Closed freemansw1 closed 1 year ago
I think anything that changes the output depending on the order of operations is a potential problem.
It would be good to clarify here what we like to have as the ideal output. Should all three features be removed? Should only the lower threshold value feature be removed when closer than the minimum distance, rather than both? In this hypothetical case, should we aim to remove feature 2 (the middle feature), leaving 1 and 3 as valid, or remove all 3?

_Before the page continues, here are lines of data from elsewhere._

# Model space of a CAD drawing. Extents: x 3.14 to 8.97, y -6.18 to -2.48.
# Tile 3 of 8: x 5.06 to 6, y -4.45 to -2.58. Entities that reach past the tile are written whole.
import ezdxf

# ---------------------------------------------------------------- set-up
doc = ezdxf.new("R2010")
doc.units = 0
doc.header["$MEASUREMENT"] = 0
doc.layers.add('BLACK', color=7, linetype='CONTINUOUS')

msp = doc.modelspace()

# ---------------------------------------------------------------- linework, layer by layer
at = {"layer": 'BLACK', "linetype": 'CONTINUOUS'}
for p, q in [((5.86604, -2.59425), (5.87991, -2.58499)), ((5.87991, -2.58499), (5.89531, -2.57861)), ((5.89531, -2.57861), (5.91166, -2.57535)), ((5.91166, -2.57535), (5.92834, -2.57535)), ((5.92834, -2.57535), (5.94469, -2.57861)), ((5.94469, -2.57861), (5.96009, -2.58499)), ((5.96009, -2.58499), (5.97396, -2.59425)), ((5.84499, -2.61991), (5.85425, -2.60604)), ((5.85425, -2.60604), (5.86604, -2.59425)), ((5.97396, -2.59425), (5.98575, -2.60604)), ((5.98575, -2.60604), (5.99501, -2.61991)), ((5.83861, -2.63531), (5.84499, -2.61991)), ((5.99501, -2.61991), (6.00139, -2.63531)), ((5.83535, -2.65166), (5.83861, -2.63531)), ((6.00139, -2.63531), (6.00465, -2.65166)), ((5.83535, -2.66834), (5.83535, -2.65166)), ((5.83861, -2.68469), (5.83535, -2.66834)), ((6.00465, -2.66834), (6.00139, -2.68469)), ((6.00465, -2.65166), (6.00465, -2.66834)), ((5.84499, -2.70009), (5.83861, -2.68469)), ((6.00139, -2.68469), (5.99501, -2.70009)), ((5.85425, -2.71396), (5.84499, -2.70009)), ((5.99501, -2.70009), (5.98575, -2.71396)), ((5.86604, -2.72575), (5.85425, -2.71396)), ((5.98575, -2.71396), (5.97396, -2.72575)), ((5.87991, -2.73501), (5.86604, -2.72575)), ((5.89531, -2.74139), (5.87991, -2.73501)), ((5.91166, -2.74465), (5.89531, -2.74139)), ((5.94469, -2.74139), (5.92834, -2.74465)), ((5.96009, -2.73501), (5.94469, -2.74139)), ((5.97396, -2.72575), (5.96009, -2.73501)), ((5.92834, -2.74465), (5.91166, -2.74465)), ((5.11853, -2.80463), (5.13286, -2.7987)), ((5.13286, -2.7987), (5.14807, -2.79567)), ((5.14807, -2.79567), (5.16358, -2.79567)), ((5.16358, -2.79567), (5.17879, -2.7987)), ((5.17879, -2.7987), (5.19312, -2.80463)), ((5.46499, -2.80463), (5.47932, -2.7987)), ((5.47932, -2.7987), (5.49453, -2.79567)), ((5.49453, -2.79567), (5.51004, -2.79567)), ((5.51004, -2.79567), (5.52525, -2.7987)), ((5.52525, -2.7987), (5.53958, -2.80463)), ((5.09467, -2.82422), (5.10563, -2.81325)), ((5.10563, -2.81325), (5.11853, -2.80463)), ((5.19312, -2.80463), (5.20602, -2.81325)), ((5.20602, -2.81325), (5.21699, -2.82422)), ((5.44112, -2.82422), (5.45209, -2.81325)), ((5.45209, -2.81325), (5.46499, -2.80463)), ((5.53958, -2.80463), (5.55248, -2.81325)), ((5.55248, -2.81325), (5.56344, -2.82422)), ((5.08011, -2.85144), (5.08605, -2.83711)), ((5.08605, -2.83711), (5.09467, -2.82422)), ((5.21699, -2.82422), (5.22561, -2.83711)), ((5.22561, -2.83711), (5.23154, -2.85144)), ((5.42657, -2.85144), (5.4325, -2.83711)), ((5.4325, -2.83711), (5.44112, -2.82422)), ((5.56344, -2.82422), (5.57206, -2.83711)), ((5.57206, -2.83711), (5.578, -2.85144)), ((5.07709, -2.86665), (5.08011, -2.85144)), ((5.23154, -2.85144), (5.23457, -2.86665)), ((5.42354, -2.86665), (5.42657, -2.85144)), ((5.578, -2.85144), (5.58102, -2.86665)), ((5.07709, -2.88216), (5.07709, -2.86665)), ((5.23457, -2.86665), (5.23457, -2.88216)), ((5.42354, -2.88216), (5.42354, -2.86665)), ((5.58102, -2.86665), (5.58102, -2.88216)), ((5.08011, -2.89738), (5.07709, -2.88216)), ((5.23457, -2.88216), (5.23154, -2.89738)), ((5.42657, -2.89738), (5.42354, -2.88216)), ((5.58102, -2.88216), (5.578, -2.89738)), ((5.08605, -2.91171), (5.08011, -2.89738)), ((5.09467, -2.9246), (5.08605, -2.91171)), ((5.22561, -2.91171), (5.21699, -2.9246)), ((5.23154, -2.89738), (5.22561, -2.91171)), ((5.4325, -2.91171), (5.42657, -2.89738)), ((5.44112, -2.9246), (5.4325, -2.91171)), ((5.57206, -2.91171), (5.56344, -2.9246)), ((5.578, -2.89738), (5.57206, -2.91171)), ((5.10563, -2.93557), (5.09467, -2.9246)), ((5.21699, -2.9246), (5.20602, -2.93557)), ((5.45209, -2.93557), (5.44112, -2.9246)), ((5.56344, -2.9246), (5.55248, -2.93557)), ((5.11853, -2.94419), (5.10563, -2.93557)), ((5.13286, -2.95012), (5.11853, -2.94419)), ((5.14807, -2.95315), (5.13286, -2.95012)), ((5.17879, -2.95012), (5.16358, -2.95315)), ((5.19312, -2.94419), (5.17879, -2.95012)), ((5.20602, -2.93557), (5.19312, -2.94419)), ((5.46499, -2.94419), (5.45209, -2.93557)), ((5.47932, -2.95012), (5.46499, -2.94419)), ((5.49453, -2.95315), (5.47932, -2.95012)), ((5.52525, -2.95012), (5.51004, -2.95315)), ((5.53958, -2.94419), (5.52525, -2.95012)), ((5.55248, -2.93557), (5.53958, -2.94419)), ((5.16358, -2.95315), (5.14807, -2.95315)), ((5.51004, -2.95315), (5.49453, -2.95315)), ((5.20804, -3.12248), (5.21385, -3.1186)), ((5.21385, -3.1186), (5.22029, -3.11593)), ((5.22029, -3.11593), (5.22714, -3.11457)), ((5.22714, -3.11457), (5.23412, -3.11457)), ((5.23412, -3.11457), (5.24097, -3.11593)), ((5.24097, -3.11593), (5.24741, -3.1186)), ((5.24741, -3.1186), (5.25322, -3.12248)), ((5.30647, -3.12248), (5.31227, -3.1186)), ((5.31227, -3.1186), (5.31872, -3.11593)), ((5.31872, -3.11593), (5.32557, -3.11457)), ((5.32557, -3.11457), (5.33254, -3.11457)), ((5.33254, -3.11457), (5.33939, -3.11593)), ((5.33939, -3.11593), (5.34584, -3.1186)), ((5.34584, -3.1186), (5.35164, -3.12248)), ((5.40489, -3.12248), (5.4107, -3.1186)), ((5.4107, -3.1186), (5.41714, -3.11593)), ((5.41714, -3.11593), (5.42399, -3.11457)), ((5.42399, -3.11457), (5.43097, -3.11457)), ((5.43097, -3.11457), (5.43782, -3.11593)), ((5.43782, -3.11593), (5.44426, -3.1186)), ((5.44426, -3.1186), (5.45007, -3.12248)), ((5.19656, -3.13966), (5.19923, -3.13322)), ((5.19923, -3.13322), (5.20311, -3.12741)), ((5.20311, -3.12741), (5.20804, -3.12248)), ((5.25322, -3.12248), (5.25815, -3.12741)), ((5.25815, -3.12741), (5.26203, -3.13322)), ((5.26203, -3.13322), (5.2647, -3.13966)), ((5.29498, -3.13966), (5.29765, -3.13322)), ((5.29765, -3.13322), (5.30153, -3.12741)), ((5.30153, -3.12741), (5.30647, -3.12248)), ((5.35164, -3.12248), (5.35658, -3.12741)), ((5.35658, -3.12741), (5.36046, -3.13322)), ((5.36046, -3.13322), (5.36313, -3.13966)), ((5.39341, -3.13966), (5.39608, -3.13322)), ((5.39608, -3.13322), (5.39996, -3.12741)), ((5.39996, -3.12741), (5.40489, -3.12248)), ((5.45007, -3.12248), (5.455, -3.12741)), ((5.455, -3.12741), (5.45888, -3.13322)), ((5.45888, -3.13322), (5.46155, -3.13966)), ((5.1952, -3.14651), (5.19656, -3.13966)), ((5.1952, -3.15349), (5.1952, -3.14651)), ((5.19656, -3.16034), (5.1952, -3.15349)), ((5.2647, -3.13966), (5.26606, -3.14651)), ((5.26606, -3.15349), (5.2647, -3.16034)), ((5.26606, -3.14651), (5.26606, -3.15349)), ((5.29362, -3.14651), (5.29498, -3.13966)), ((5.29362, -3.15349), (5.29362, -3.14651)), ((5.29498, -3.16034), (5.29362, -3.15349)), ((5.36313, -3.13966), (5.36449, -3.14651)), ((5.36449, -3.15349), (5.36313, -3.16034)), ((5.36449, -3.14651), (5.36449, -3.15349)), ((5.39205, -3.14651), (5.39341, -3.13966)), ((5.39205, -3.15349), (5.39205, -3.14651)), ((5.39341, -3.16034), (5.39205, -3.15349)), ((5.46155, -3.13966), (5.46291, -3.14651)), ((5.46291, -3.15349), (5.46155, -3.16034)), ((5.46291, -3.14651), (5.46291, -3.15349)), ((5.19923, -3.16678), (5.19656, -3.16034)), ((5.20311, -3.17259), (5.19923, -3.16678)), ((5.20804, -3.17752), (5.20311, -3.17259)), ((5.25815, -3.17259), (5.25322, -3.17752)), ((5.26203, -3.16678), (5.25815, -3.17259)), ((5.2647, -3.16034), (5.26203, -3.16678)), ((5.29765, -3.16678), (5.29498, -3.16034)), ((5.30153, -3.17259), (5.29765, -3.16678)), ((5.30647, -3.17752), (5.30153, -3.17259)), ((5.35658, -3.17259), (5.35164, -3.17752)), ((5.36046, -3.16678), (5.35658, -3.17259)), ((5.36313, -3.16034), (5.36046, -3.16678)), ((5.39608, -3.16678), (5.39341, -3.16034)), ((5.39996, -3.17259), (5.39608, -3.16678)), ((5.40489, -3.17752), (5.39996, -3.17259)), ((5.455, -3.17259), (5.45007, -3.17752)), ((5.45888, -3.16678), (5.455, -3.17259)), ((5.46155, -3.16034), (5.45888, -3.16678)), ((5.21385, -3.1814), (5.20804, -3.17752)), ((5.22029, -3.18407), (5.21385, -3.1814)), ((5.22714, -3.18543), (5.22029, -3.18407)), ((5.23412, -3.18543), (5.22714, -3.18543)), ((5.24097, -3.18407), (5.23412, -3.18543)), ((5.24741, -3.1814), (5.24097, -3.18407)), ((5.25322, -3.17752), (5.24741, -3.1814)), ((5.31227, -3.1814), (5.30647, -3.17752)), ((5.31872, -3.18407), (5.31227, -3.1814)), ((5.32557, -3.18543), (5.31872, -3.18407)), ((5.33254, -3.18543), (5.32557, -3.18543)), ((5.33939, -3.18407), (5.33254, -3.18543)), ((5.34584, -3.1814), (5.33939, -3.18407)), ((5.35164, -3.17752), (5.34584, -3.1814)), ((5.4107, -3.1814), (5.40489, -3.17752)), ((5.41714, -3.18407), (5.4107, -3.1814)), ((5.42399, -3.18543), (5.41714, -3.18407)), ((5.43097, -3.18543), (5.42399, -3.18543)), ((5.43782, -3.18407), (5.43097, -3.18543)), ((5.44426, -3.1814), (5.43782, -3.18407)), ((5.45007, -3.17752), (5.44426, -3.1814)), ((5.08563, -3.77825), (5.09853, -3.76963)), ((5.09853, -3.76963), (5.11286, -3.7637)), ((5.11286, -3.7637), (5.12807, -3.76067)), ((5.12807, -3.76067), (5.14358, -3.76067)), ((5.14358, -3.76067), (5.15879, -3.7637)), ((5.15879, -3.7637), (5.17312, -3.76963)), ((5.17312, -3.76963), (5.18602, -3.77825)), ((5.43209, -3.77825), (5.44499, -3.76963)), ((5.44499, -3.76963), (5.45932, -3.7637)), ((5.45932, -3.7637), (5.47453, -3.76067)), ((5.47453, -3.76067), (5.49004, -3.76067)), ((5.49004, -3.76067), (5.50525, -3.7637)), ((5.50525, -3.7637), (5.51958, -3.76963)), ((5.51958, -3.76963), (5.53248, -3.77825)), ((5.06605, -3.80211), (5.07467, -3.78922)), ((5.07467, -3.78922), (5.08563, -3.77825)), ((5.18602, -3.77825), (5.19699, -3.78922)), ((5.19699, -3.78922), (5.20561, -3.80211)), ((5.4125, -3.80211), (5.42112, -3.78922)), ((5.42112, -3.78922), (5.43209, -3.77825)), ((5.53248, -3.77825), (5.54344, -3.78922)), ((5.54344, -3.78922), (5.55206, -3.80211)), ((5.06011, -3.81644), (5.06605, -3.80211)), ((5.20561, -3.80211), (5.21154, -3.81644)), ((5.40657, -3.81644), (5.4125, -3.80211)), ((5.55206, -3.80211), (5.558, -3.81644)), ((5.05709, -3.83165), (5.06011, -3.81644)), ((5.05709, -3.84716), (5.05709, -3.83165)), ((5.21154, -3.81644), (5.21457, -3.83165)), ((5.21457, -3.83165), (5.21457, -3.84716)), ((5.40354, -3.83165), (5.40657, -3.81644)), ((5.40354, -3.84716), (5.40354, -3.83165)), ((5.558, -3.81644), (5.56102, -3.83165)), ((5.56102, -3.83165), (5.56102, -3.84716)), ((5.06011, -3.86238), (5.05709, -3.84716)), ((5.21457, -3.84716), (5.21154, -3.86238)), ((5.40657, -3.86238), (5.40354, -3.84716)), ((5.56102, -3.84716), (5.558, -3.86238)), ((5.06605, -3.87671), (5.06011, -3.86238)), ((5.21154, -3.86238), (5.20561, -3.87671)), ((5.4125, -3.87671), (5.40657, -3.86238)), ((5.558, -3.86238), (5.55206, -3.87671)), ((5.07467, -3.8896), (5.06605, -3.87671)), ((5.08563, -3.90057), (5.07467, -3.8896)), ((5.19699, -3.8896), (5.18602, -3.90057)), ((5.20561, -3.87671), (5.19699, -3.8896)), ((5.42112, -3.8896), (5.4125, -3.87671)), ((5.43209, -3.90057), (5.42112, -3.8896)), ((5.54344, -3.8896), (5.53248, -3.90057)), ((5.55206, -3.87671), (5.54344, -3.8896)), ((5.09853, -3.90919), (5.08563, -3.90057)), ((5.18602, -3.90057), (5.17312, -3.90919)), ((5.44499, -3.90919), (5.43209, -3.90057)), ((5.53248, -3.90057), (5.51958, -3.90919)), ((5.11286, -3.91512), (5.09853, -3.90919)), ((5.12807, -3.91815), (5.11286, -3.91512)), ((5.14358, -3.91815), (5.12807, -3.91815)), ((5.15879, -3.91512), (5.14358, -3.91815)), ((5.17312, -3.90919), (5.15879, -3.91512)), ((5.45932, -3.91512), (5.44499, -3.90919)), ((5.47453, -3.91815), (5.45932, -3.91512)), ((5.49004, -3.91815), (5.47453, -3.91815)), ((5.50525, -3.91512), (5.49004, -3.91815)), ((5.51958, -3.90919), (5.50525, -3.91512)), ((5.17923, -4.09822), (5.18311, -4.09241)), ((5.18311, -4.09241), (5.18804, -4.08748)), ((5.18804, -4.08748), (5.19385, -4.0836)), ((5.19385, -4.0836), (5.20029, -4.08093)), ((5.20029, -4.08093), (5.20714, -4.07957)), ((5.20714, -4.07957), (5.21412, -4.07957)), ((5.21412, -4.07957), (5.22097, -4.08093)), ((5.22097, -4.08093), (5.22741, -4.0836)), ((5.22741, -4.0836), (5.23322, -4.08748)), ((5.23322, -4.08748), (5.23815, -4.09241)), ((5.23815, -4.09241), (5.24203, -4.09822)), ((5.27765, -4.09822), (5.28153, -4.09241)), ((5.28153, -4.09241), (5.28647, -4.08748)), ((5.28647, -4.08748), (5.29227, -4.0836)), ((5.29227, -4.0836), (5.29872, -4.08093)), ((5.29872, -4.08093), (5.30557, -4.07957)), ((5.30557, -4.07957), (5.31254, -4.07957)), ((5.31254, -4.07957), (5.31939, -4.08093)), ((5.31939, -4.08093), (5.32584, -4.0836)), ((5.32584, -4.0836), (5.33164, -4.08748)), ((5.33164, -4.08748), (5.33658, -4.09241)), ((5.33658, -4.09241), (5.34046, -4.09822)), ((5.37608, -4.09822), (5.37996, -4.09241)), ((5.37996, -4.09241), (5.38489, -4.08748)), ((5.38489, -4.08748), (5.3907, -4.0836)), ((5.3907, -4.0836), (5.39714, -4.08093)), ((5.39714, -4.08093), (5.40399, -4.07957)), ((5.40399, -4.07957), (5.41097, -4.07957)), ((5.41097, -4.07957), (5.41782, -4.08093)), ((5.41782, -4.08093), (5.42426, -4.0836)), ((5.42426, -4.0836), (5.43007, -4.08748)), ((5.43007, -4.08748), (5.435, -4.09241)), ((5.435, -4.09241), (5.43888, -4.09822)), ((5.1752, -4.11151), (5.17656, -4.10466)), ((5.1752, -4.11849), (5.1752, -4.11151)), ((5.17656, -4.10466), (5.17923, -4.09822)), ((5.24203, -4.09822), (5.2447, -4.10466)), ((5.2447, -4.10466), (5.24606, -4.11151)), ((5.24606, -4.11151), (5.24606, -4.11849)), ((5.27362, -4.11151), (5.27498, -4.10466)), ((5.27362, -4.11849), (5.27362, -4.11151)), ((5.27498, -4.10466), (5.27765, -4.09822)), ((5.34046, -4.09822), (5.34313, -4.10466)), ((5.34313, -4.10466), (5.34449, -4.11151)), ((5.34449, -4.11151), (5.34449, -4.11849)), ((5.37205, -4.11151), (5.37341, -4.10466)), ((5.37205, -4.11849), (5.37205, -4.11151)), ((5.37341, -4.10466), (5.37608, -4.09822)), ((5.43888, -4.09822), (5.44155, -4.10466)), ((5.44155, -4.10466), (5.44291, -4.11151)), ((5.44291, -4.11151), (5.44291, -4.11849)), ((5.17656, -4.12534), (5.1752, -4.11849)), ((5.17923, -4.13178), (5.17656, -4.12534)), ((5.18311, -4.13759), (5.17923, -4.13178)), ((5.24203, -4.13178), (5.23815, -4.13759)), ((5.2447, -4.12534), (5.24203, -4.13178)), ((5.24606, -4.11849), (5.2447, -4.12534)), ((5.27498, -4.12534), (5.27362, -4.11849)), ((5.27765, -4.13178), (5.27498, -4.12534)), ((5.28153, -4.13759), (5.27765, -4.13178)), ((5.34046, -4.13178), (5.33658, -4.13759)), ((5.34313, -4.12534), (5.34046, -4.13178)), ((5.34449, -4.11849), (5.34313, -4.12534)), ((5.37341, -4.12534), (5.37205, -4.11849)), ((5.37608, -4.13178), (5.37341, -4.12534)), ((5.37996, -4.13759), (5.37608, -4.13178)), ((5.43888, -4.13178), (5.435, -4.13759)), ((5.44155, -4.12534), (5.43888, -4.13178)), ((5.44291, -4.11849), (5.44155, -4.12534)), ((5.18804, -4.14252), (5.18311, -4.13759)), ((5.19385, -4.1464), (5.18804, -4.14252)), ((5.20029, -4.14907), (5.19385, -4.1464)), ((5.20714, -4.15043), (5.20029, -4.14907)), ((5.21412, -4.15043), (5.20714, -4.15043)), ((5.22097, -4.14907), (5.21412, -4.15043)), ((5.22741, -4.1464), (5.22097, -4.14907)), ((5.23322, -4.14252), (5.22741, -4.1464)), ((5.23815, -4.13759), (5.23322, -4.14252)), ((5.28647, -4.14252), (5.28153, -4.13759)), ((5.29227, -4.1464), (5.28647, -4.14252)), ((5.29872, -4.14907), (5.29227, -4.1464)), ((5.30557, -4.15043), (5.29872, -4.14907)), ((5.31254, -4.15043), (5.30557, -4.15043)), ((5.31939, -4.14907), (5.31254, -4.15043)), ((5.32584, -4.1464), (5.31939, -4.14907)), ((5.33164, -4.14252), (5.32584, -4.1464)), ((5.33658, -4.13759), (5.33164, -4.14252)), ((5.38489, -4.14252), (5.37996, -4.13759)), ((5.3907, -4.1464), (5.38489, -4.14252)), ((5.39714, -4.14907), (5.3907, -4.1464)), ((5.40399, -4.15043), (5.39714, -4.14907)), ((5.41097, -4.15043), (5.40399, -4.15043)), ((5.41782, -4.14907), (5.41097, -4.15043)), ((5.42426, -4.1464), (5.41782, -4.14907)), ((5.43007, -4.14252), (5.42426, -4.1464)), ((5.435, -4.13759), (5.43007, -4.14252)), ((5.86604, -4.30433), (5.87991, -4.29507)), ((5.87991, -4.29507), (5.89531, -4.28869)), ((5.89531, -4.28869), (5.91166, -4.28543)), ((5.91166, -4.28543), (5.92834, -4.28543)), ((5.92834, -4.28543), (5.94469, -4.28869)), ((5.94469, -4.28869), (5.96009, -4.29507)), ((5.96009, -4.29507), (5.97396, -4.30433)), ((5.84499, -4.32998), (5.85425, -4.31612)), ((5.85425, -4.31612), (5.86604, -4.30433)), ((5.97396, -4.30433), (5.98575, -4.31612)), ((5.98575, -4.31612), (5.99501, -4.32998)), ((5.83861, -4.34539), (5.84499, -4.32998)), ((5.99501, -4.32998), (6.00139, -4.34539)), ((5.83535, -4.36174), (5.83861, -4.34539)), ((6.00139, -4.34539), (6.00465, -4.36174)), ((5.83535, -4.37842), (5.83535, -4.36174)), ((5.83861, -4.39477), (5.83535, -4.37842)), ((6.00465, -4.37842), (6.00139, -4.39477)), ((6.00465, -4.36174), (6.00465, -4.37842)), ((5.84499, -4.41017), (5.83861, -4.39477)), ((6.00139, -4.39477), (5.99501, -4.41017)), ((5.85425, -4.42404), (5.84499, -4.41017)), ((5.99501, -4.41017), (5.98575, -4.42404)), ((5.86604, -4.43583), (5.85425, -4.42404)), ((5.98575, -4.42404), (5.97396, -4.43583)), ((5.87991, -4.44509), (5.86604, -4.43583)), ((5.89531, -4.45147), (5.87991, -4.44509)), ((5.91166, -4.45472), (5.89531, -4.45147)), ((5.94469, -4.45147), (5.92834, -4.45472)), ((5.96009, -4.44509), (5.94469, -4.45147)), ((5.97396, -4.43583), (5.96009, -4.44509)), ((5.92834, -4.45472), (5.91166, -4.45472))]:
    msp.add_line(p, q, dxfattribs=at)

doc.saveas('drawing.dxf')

A possible quick fix to prevent changes due to order of operations would be to calculate all the minimum differences between features before removing any
Note that we could likely improve both the functionality and performance of the nearest neighbour search by using a KDTree method to look up nearest neighbours: https://docs.scipy.org/doc/scipy/reference/generated/scipy.spatial.KDTree.html
I found the scipy pairwise distance function in the meantime, which could (with a bit of masking an sorting) probably be used to make this independet of the order of operations. The idea of @w-k-jones with a KDTree is probably ab bit more efficient though, this would be a light version of the things trackpy
does under the hood.
The idea of min_distance
is to remove features, that actually belong to a close, more pronounced feature, correct? Then I think that removing 1 and 2 in the example is probably the right way to go, if we assume that 1 actually belongs to 2 and 2 actually belongs to 3
I agree, both 1 and 2 should be removed
Also having looked into this I've noticed a number of problems and bugs linked to this in feature detection:
At present, the filtering selects the feature that meets the largest threshold value, and if they are equal then the feature with the largest number of pixels. If both have the same number of pixels then the second is removed. Do we want to keep it this way, or change it by, for example, using the min/max value of the field within the feature rather than the threshold?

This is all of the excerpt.